Digital Signal Processing ( IF 2.9 ) Pub Date : 2020-07-08 , DOI: 10.1016/j.dsp.2020.102799 Meisam Najjarzadeh , Hamed Sadjedi
Since the introduction of finite rate of innovation (FRI) signals in 2002, various deterministic and stochastic techniques have been proposed to estimate the innovative parameters of FRI signal, e.g. time instants and weights belonging to a linear combination of finite number of Diracs, from its noisy samples regardless of sampling kernel's type.

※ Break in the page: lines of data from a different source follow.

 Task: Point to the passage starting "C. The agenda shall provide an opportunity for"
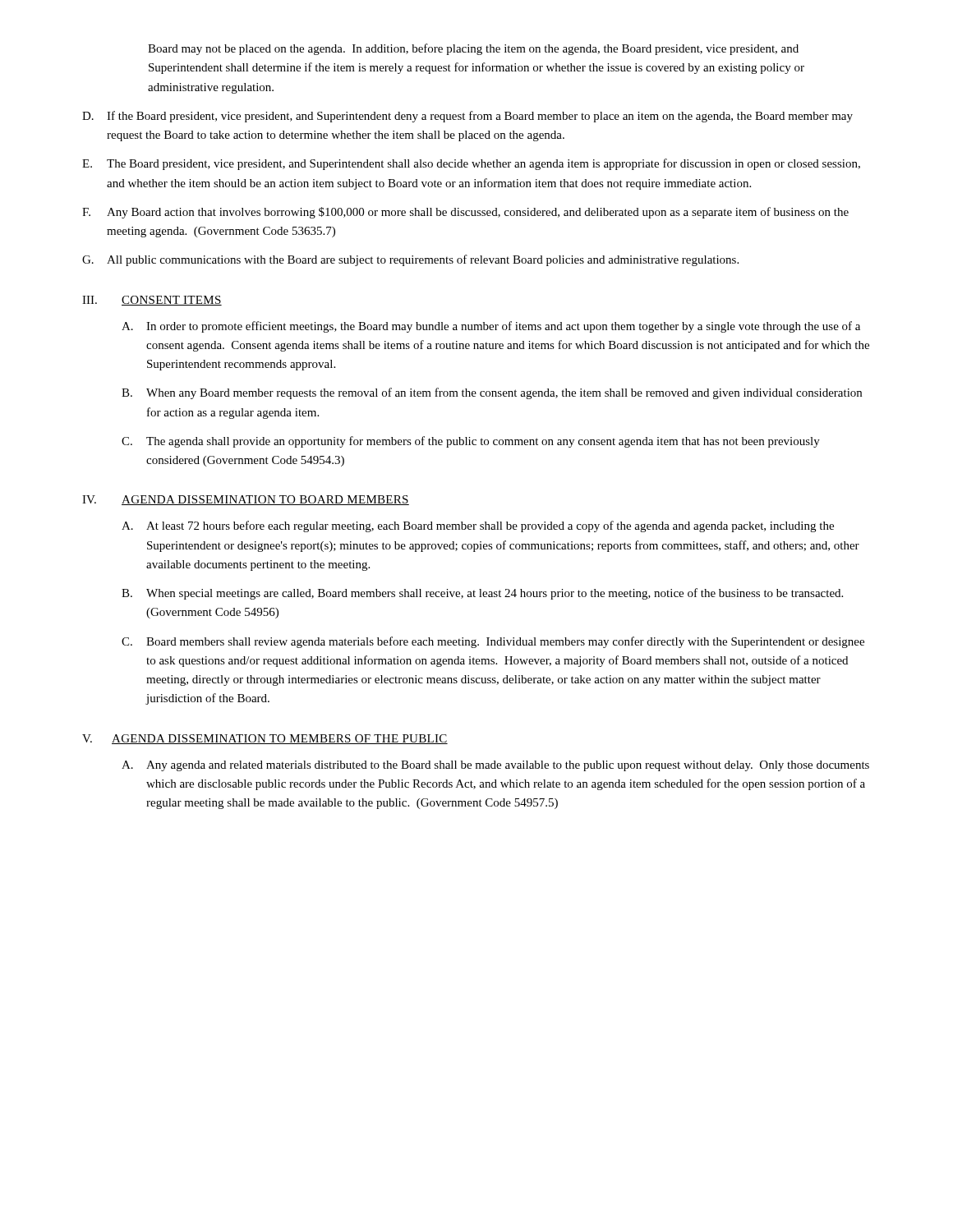click(x=496, y=451)
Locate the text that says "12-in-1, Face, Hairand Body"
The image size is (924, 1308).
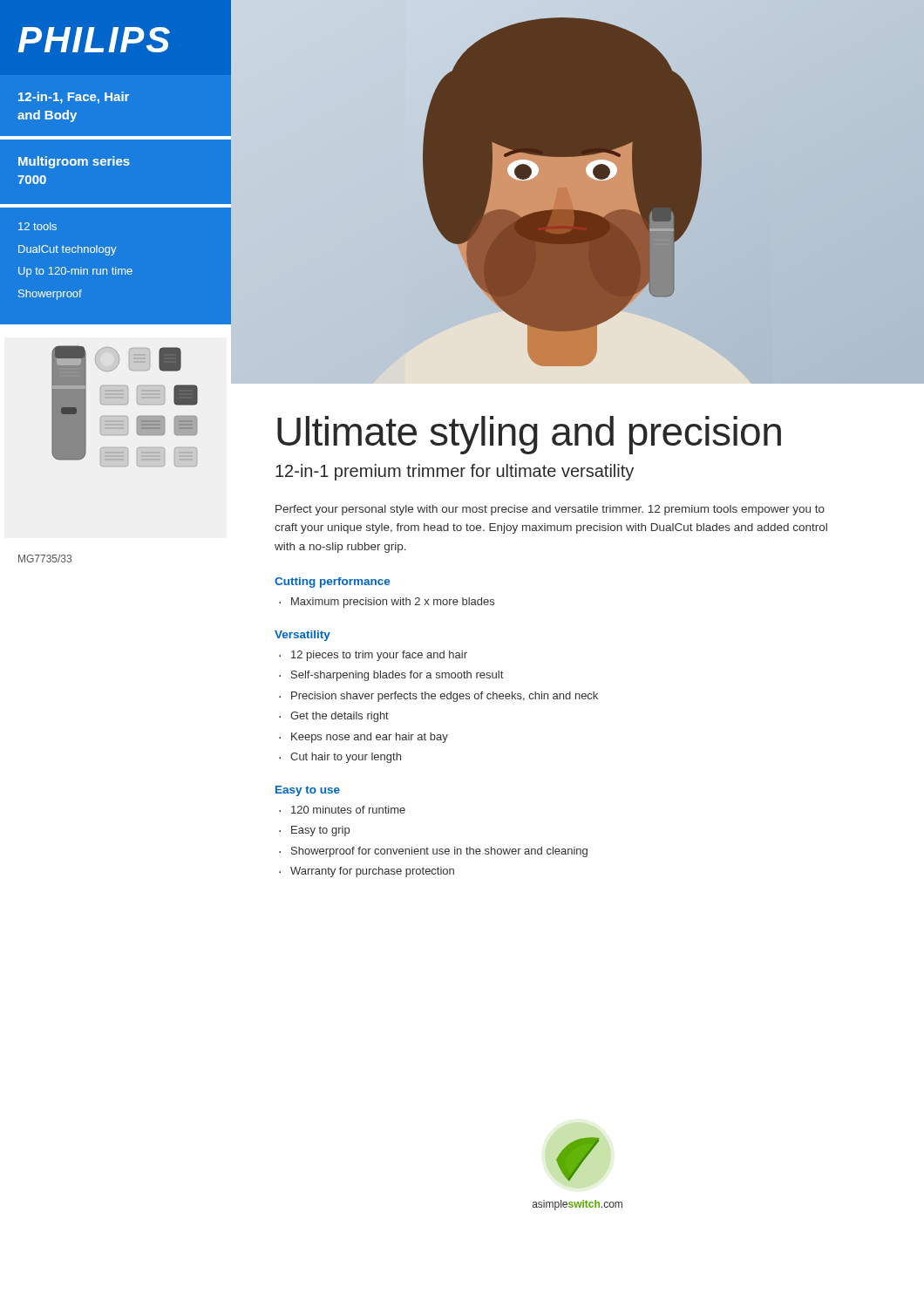coord(116,106)

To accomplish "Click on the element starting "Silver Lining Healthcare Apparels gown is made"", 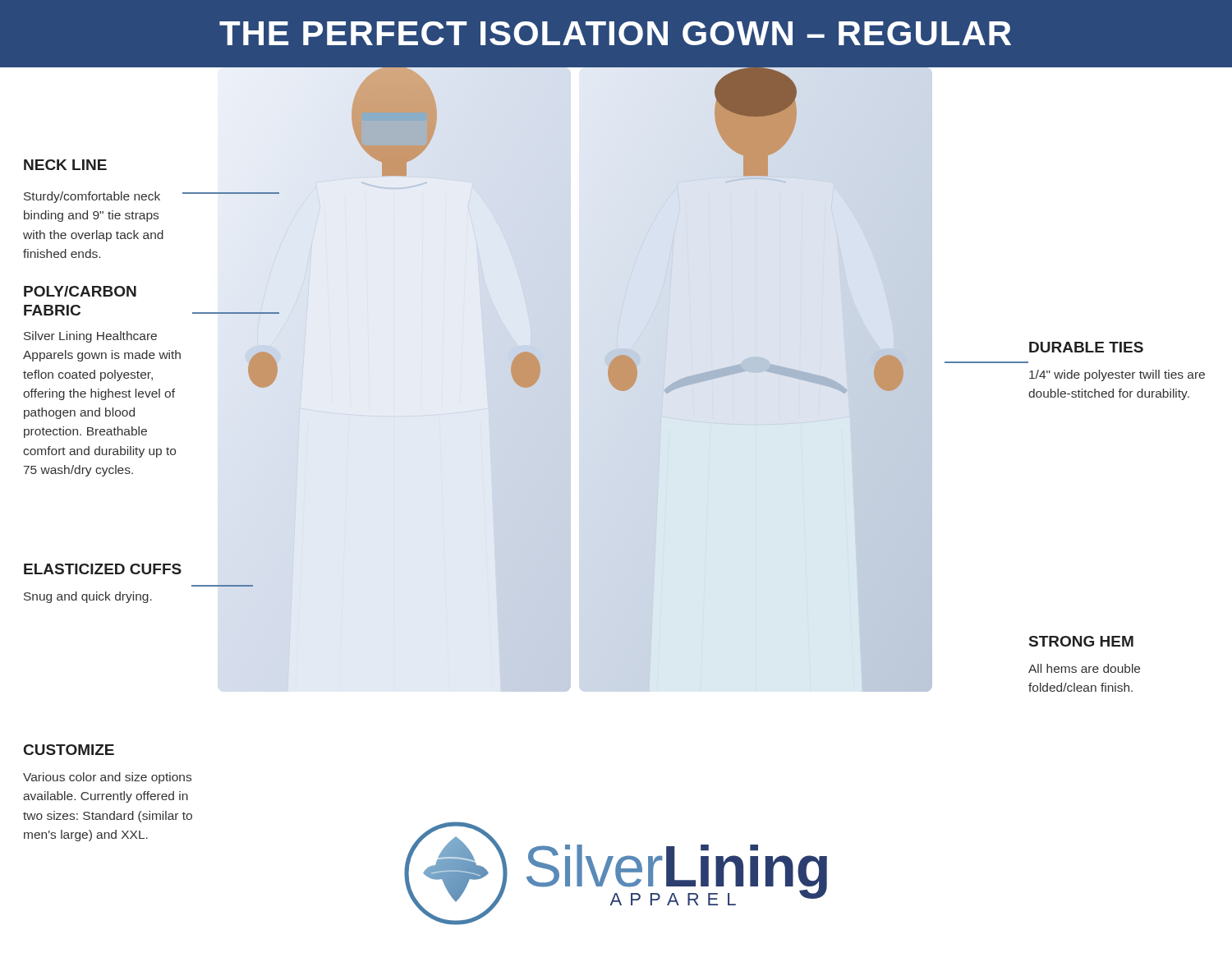I will 107,403.
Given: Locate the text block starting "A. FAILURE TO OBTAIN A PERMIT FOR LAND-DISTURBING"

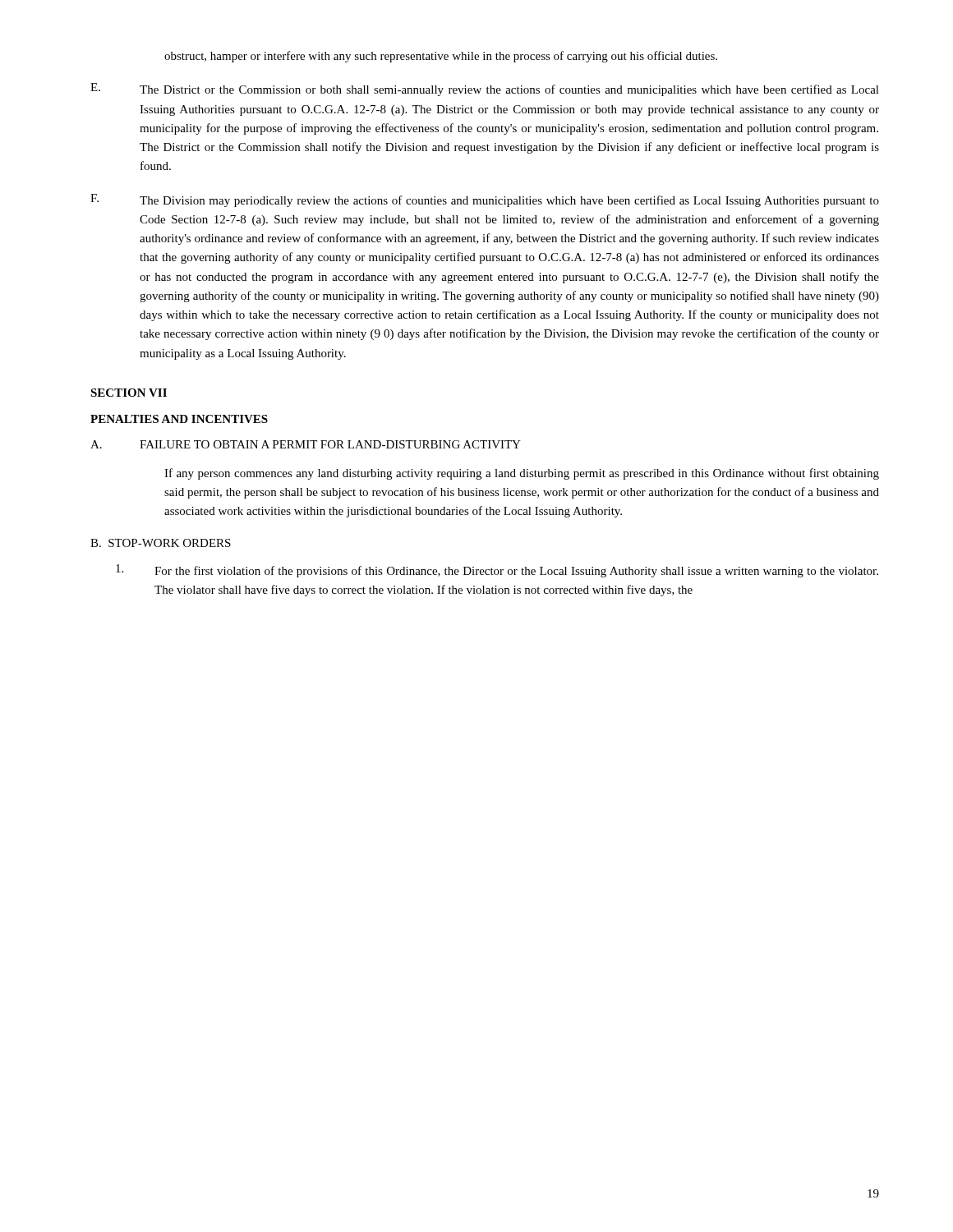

Having analyzed the Bayesian methods dedicated to the retrieval of signal innovations, particularly the IterML algorithm introduced by Wein & Srinivasan, we discover some limitations which still leave room for improvement. In this article, we present a novel stochastic hybrid algorithm utilizing both maximum–likelihood-estimation (MLE) and Modified Particle Swarm Optimization (MPSO) in order to improve upon IterML in terms of robustness to noise and accuracy of estimated parameters. Relying on extensive simulations, our proposed algorithm provably achieves better performance than IterML while maintaining comparable computational cost. Due to high dependency of this problem on the trade-off between the level of noise and the number of samples, we also investigate this compromise in order to achieve better reconstruction error metrics than IterML.
中文翻译:
粒子群优化算法的实现,通过最大似然法从噪声样本中估计尖峰序列的创新参数
自2002年引入有限创新速率(FRI)信号以来,已提出了各种确定性和随机技术来估算FRI信号的创新参数,例如时间点 和重量 属于Diracs的有限数量的线性组合,来自其有噪样本,而与采样内核的类型无关。分析了专用于信号创新的贝叶斯方法,特别是Wein&Srinivasan引入的IterML算法后,我们发现了一些局限性,尚有待改进。在本文中,我们提出了一种新颖的随机混合算法,该算法同时利用最大似然估计(MLE)和改进的粒子群优化(MPSO)来改善IterML的鲁棒性和估计参数的准确性。依靠广泛的仿真,我们提出的算法可证明比IterML具有更好的性能,同时保持可比的计算成本。